There are bootstrap packages and commands / functions in all good statistical software, but to help understanding, we wrote this function in R that goes step-by-step through the process (see below for Python and Stata!). We start with the posterior sample of maybe 10,000 values for an unknown, and resample with replacement. Each resample gives us the next best thing to a new sample. And if we calculate the statistic (quantile) for each of these resamples, it is the next best thing to the true sampling distribution of the quantile (for which there is no exact formula).
There are several good books introducing the bootstrap, and although many people cite the ur-texts by Bradley Efron, we recommend pedagogical writing by Tim Hesterberg, or the more mathematical and wide-ranging book by Davison and Hinkley, Bootstrap Methods and Their Application. Bootstrap also forms part of a wider movement to introduce statistical inference by simulation, and a fun generic undergraduate textbook in this tradition would be Statistics: Unlocking the Power of Data, by the Lock family.
bootstrap_MC_error <- function(x,
iter = 10000,
quant,
show_hist = TRUE) {
# x: numeric vector of posterior samples for one unknown
# iter: number of bootstrap resamples
# quant: quantile to estimate (between 0 and 1)
# show_hist: whether to display histogram of bootstrap distribution
n <- length(x)
bq <- rep(NA, iter)
obs_q <- quantile(x, probs = quant)
cat(paste0("Running ", iter, " bootstrap re-samples: \n"))
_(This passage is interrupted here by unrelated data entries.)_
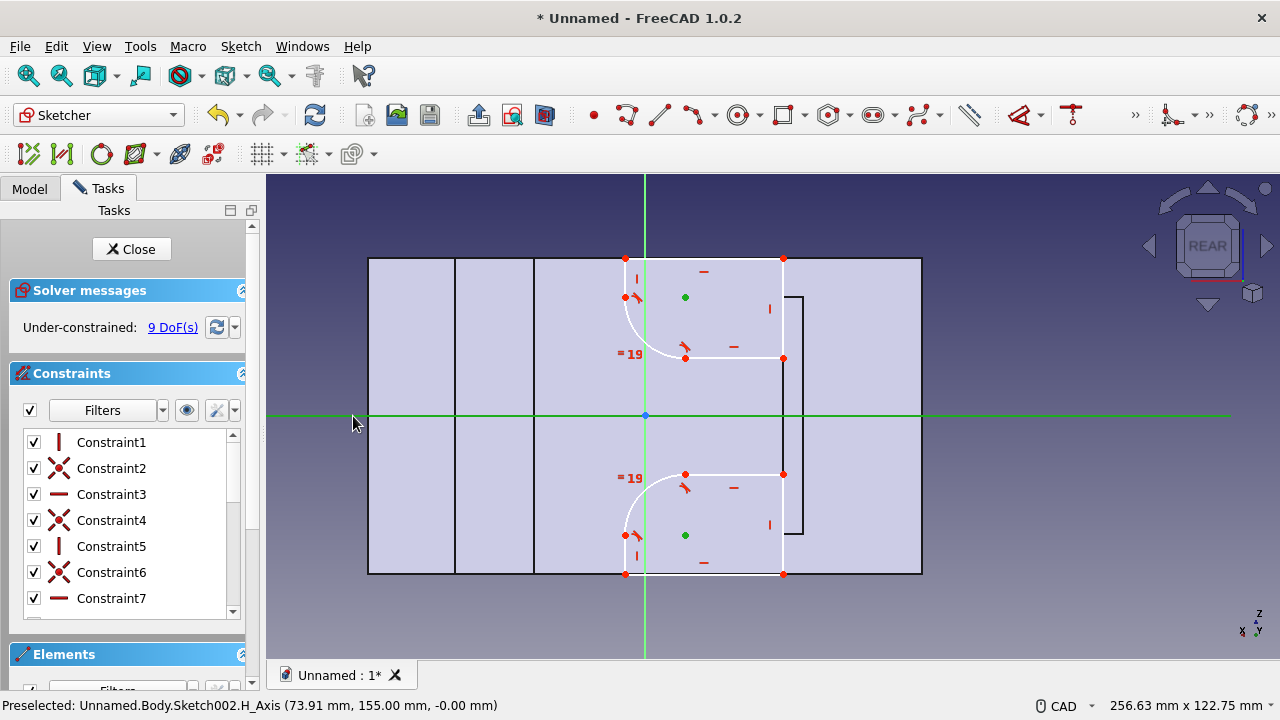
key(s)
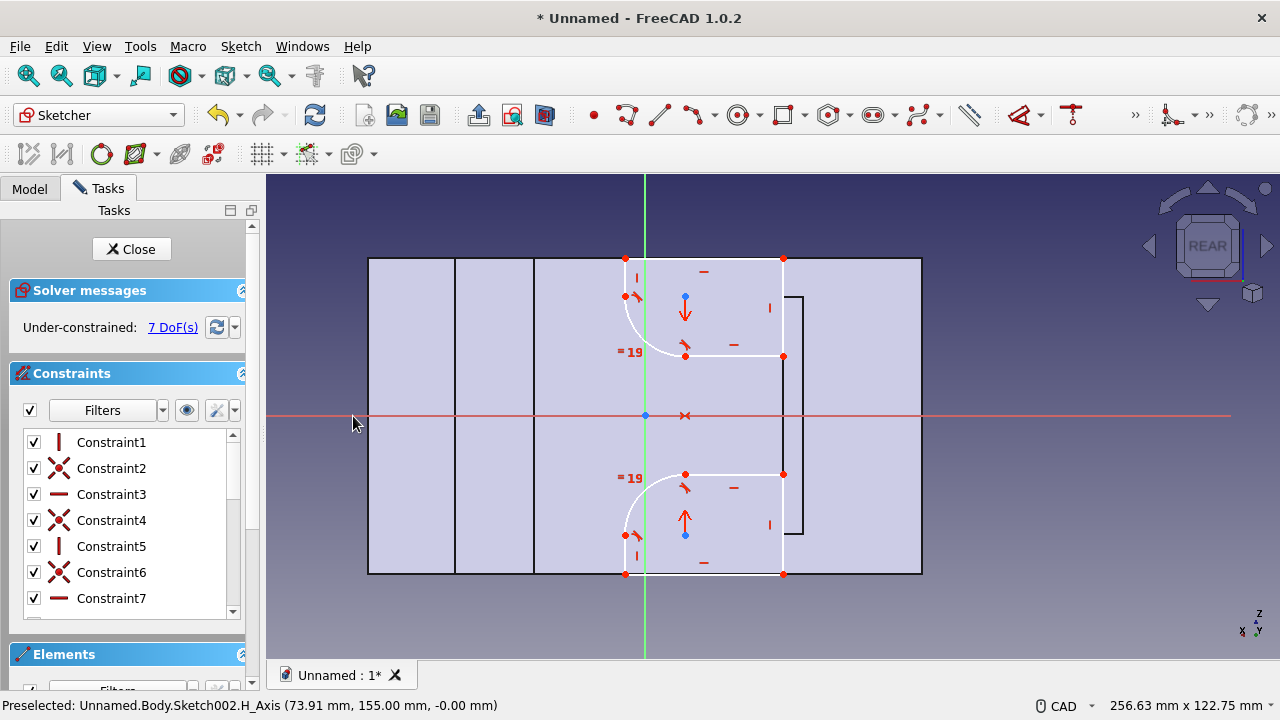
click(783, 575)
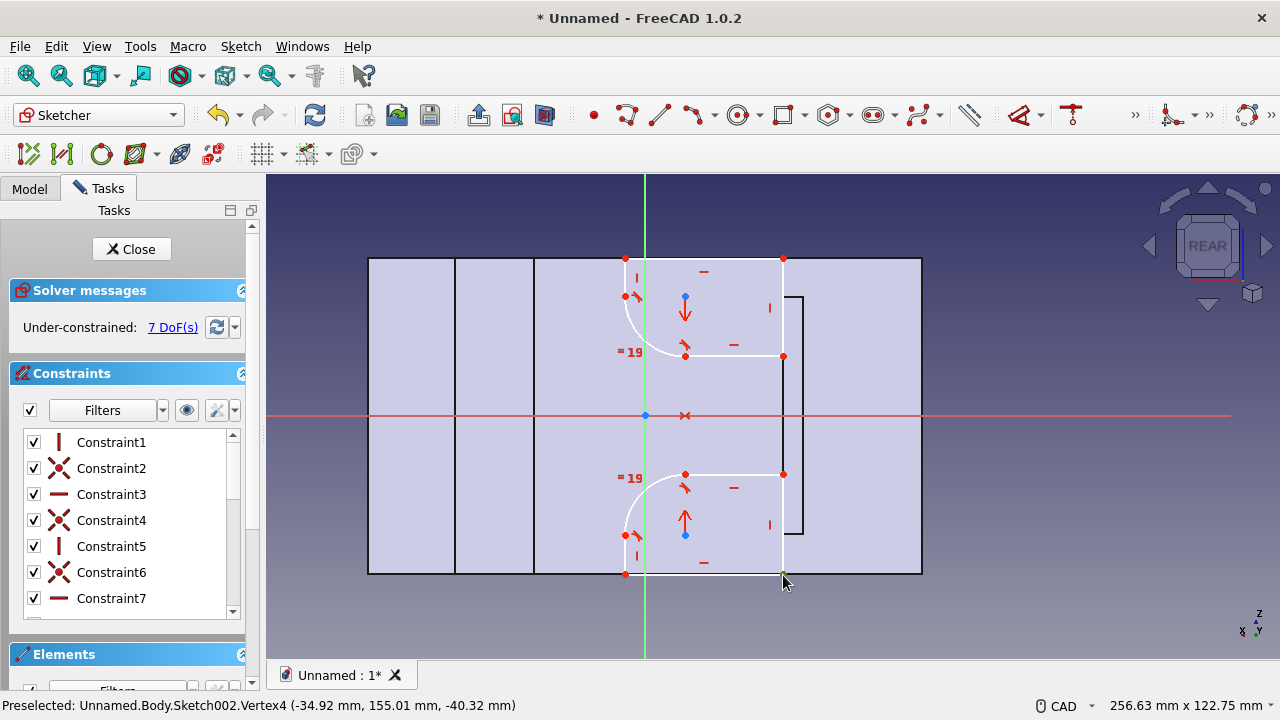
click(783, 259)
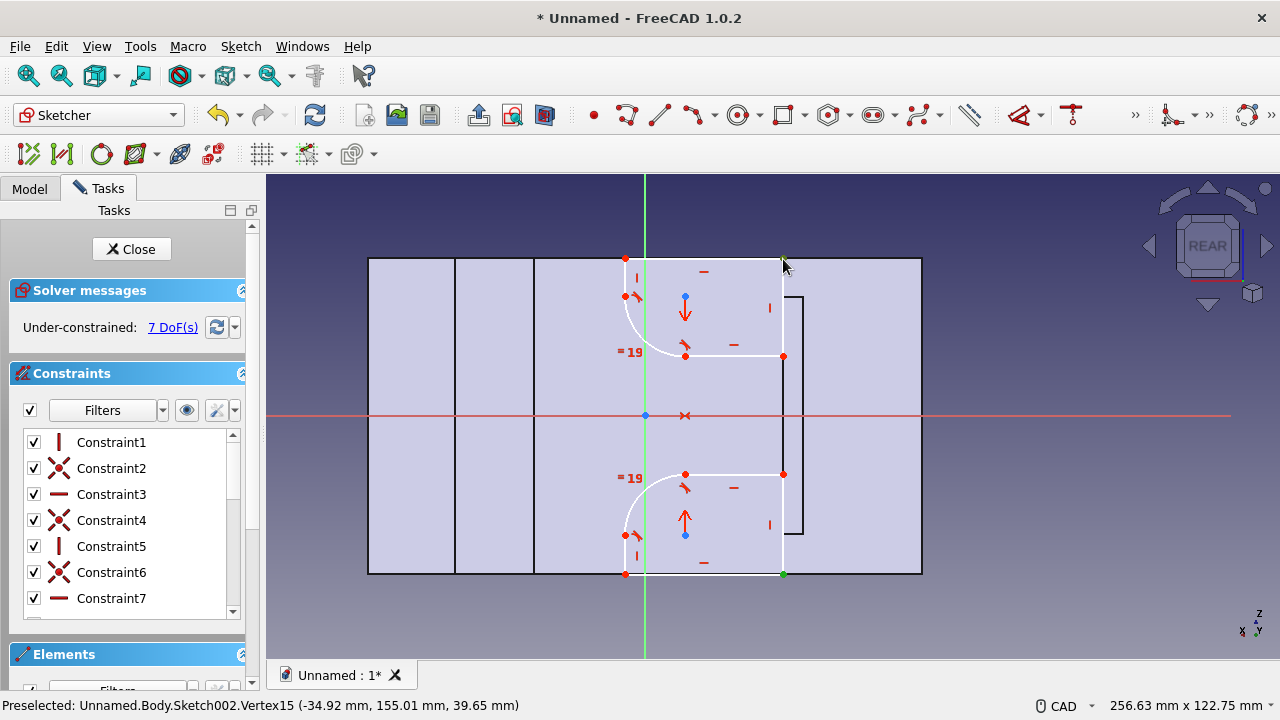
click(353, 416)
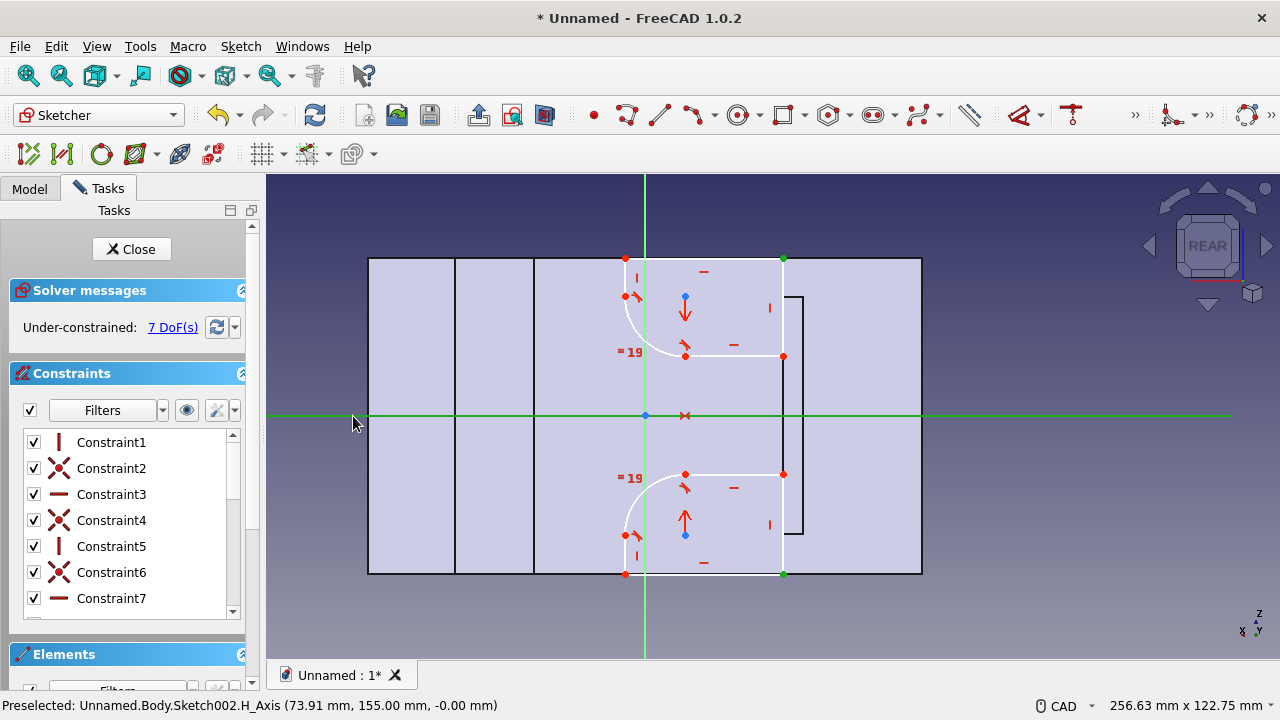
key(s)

pb <- txtProgressBar(min = 1, max = iter, style = 3)
for (i in 1:iter) {
setTxtProgressBar(pb, i)
bx <- sample(x, n, replace = TRUE)
bq[i] <- quantile(bx, probs = quant)
}
close(pb)
if (show_hist) {
hist(bq,
breaks = 50,
main = "Bootstrap distribution",
xlab = paste0(quant, " quantile"))
}
sd_quantile <- sd(bq)
cat(paste0("SD of ", quant, " quantile = ", sd_quantile, "\n"))
return(list(
sd_quantile = sd_quantile,
bootstrap_quantiles = bq,
observed_quantile = obs_q
))
}The loop “for (i in 1:iter)” is where the bootstrap resampling takes place.
Here’s an example of using it on the ACEI vs ARB example dataset with a common effect, contrast-based, asymptotic meta-analysis:
library(cmdstanr)
library(bayesplot)
########### ACEI vs ARB dataset ############
ava <- read.csv("ARBvACEI.csv")
ava$ACEI_odds <- ava$ACEI_AE / (ava$ACEI_n - ava$ACEI_AE)
ava$ARB_odds <- ava$ARB_AE / (ava$ARB_n - ava$ARB_AE)
ava$logor <- log(ava$ACEI_odds / ava$ARB_odds)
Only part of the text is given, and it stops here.